Susan Minot, author of "Thirty Girls" (Knopf, February 2014).

Susan Minot, author of "Thirty Girls" (Knopf, February 2014). Credit: Huger Foote

"Thirty Girls" (Alfred A. Knopf, $26.95) is a complete departure for Susan Minot, whose earlier novels ("Monkeys," "Evening") are minimalist modern narratives about family and romantic relationships. Here, her topic is terrorist child abduction in Uganda, based on a true incident that occurred in 1996.

Esther is a Ugandan 15-year-old taken from her Catholic boarding school by the Lord's Resistance Army, a group that abducted about 30,000 children between 1989 and 2012 (the group's leader is currently in hiding in Congo). Jane is an American writer who goes to Uganda to research the story, traveling with a group of friends to the rehabilitation center where Esther is living after her escape. The novel alternates between their two narratives.

In 2000, Minot published a nonfiction piece about the girls, "This We Came to Know Afterward," first in McSweeney's, then in "The Best American Travel Writing 2001." We spoke to her about the role of fiction in shedding light on real-world atrocities.

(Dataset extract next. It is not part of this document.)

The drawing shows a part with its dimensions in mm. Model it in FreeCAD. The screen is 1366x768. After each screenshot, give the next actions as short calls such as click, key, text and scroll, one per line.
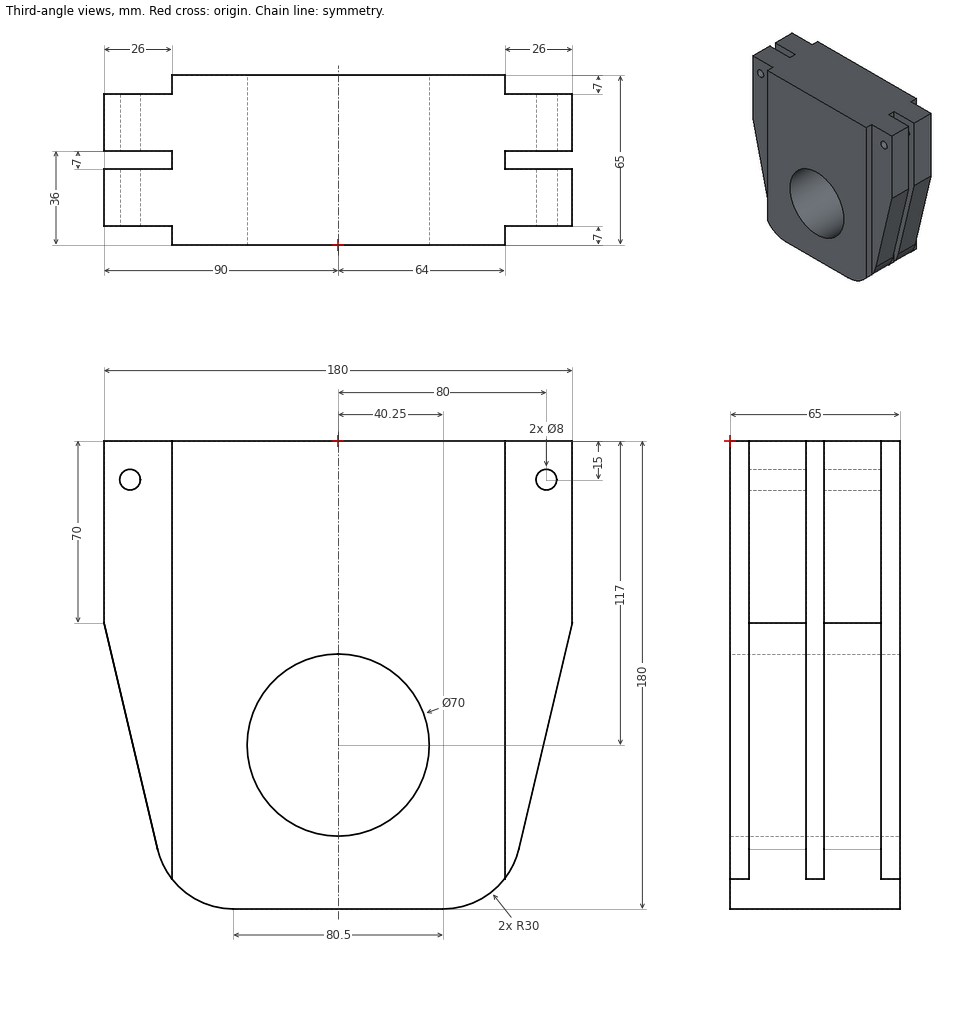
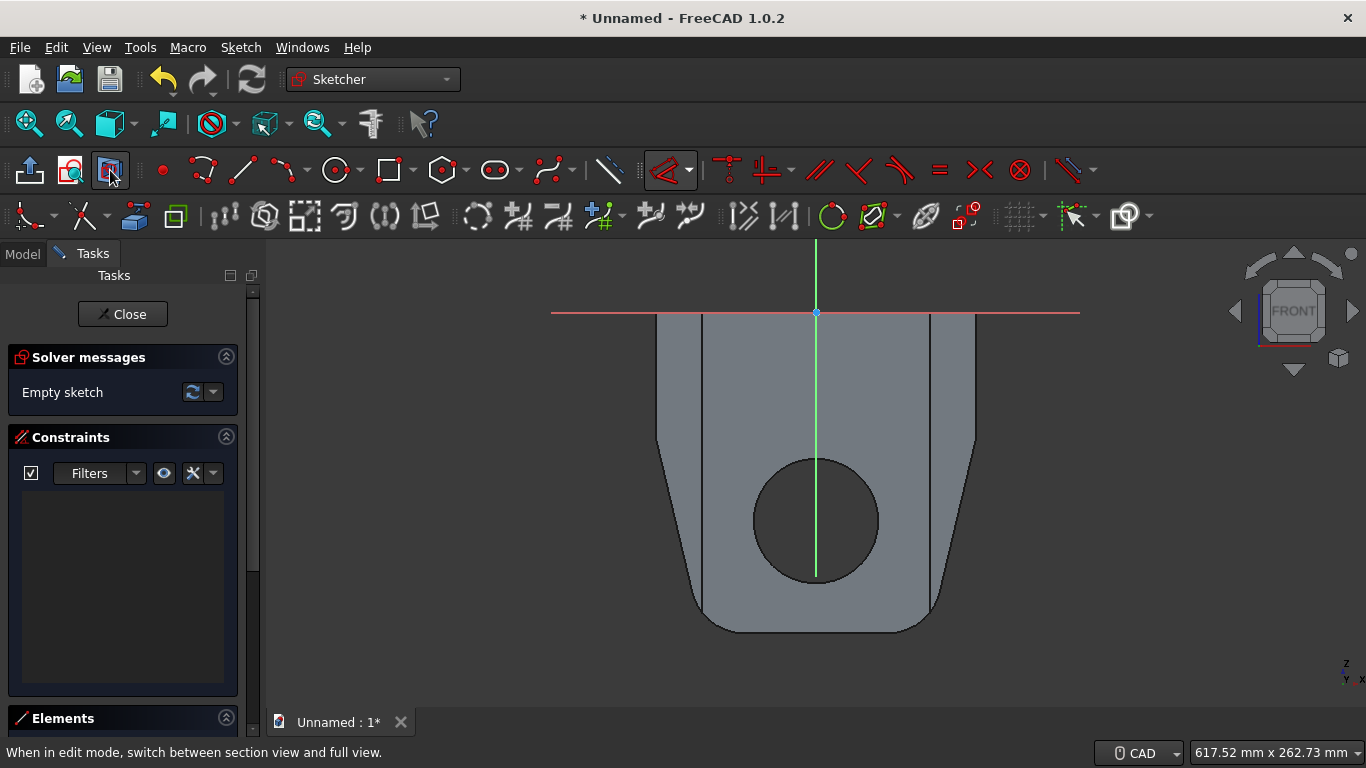
scroll(872, 267, up, 4)

Talk about your decision to novelize this story.

It had a big impact on me to do the original article; it was the first time I had written something to get information out there rather to explore a psychological truth. However, there was barely any response. I was disappointed, but I didn't forget about it. I went on, I moved to Maine, I got married, I had a child, I worked on painting and poetry, but I didn't forget about those girls. Five or six years later, when I sat down to write another book, it was still the most important thing.

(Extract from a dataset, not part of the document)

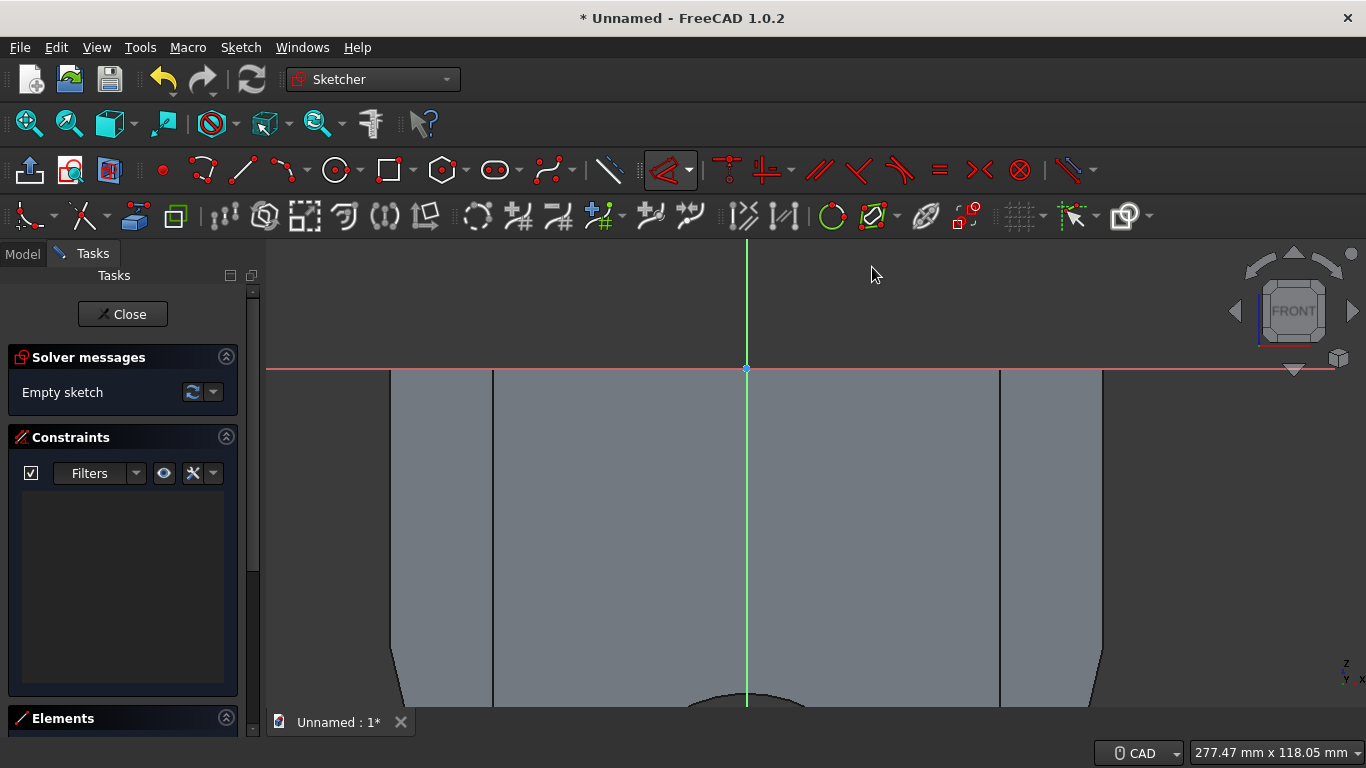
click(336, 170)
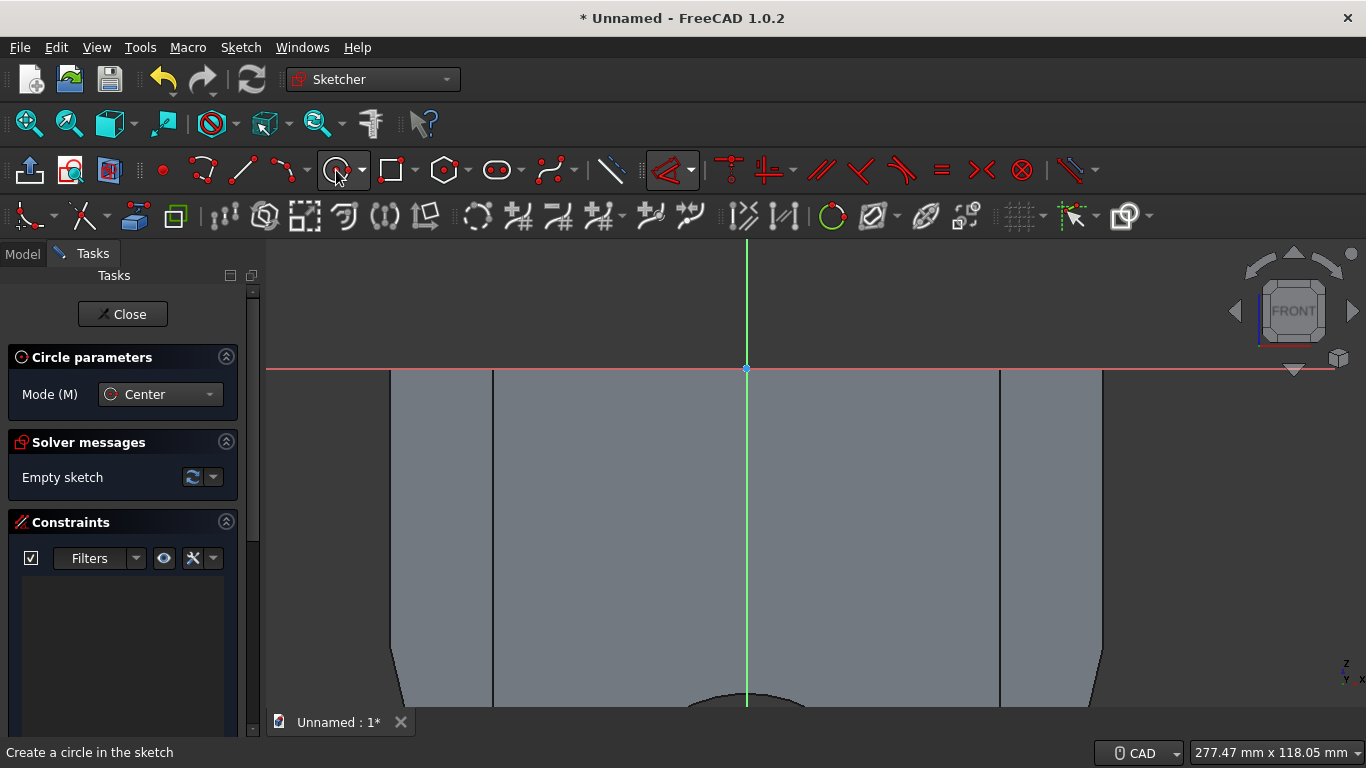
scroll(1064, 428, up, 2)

There are two threads in "Thirty Girls": Esther's story is a kind of imagined memoir, vocalizing the experience of a victim, sort of like Dave Eggers' "What Is the What." The other thread follows the journalist Jane, a hypersensitive Joan Didion-type character, obsessed not only with the story she's covering but with her own existential issues.

While the story of the girls is what I was first compelled by, I didn't want to overload the reader with a totally relentless experience, only focusing on horrible things. I wanted to show how alternate stories go on in the same world, the same geographic place. Esther's story is profound because the stakes are so high, and usually that would be the only story told, because other kinds of struggle pale in comparison. I was challenging that notion. A struggle, to the person experiencing it, is a struggle.

It's a risky choice. Jane expresses it herself at one point: "How could she be thinking so lightly of love, here in a place where people's lips were cut off and girls were snatched out of their beds?" That seems be one of the central issues of the novel.

We all operate on many different levels. Our concerns aren't always appropriate, or morally elevated. The standard reaction to Jane is, Oh, you're privileged, what are you worrying about? This girl doesn't know if she's going to live another day. But comparing people's experiences doesn't prove anything or help us get closer to each other in any way.

It's an exciting moment in the book when Jane and Esther finally meet, and you see them through each other's eyes. Without revealing any spoilers, at the end of the book it's as if their worlds bleed into one another -- dramatic events occur that are almost hard to accept.

There are a lot of things that are unacceptable in the book. Things happen that you cannot believe -- but they happen. People live with these things, they survive, but survival is difficult. ... Even if, morally, people think that children are the first people who should be saved, in the real world, there's no incentive to save them.

One of the things that is particularly touching when you see these children is that even though they are like sponges, taking in everything, their lives altered forever, they also are incredibly resilient. You see how they adjust, how they carry on ... and it's heartbreaking. Again, a seemingly unacceptable thing.

Did you feel sad when you were writing the book?

Not so much sad, but exhausted, and determined to stick with it. Matisse said, "A good painting is like a comfortable armchair." This is not a comfortable armchair. But what's the charge of art? To comfort the disturbed and disturb the comfortable. I'm trying to do both.